— Raw data —
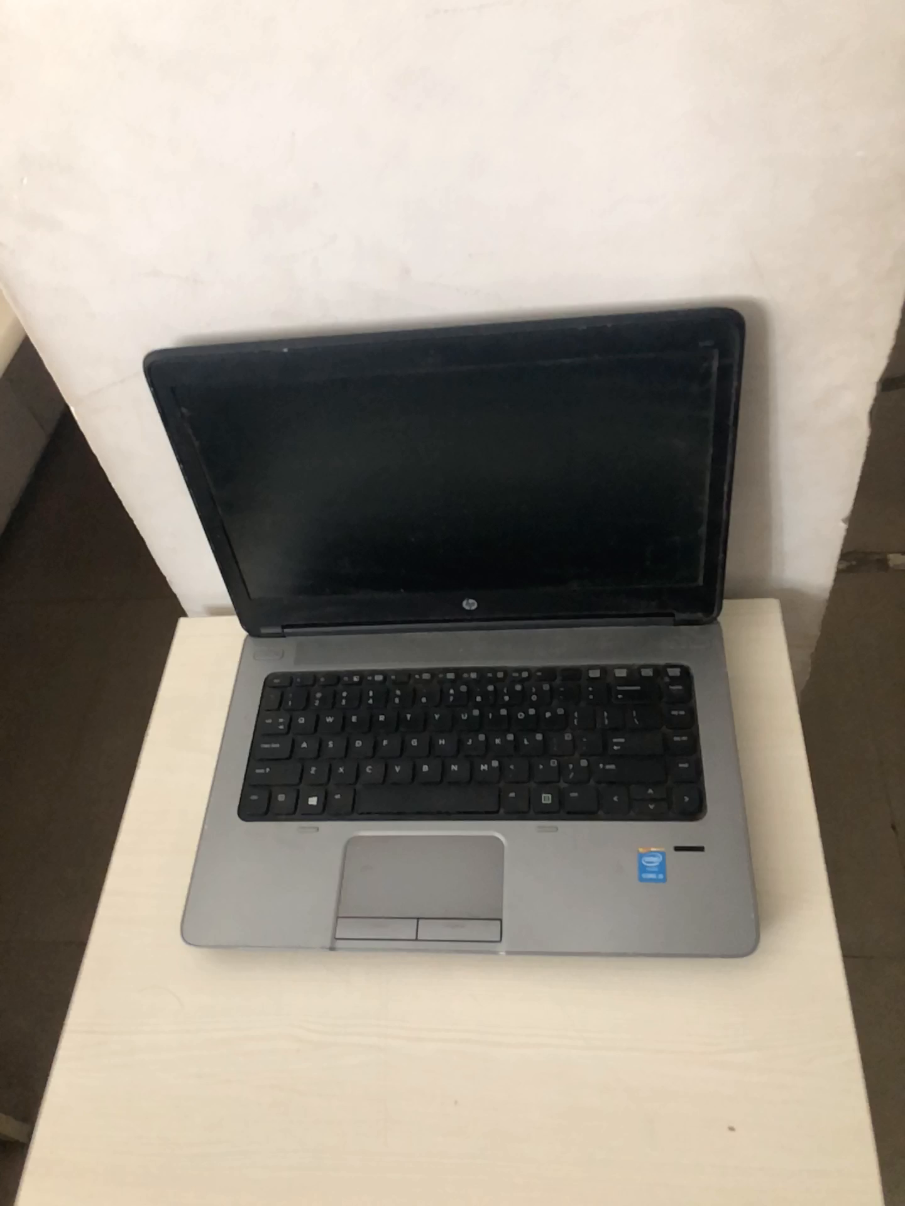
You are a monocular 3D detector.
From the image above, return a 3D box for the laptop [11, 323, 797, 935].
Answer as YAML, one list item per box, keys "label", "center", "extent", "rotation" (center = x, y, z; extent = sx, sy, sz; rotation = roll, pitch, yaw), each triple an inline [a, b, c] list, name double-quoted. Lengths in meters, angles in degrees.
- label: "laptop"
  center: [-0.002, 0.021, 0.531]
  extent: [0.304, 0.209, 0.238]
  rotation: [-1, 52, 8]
...
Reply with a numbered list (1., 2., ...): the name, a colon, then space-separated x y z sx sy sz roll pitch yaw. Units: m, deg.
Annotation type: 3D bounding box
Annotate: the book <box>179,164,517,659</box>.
...
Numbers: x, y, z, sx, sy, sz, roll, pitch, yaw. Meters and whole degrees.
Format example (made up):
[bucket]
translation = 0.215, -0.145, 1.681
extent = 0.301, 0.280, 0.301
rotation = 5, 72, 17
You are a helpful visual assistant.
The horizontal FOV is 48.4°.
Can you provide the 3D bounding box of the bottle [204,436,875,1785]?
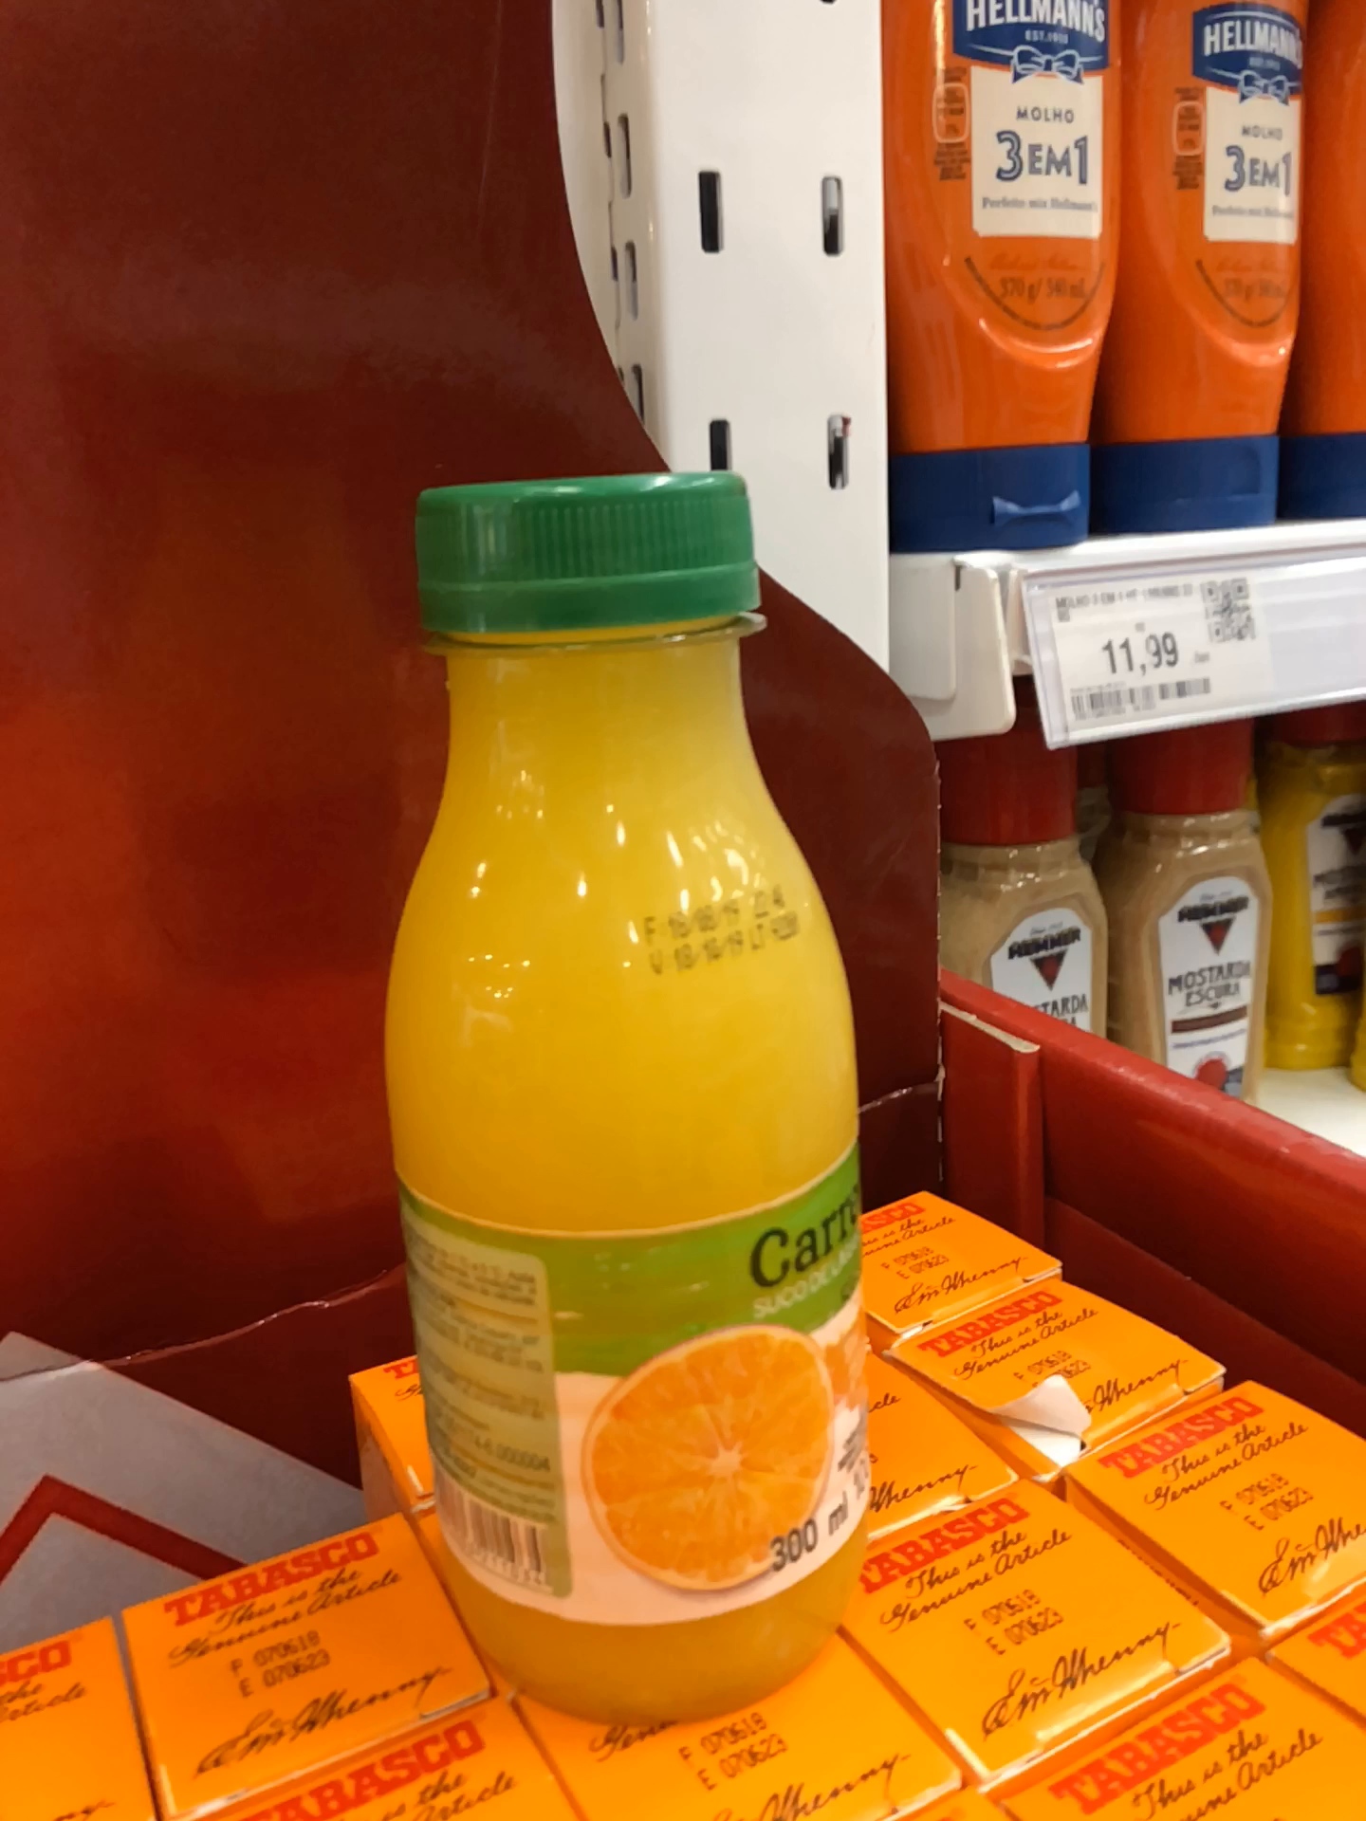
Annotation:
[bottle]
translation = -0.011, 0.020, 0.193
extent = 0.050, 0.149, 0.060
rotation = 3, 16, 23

— Aim of the exercise —
Read through the data above. Report each line that has the word "bounding".

— Exercise result —
Annotation type: 3D bounding box
Can you provide the 3D bounding box of the bottle [204,436,875,1785]?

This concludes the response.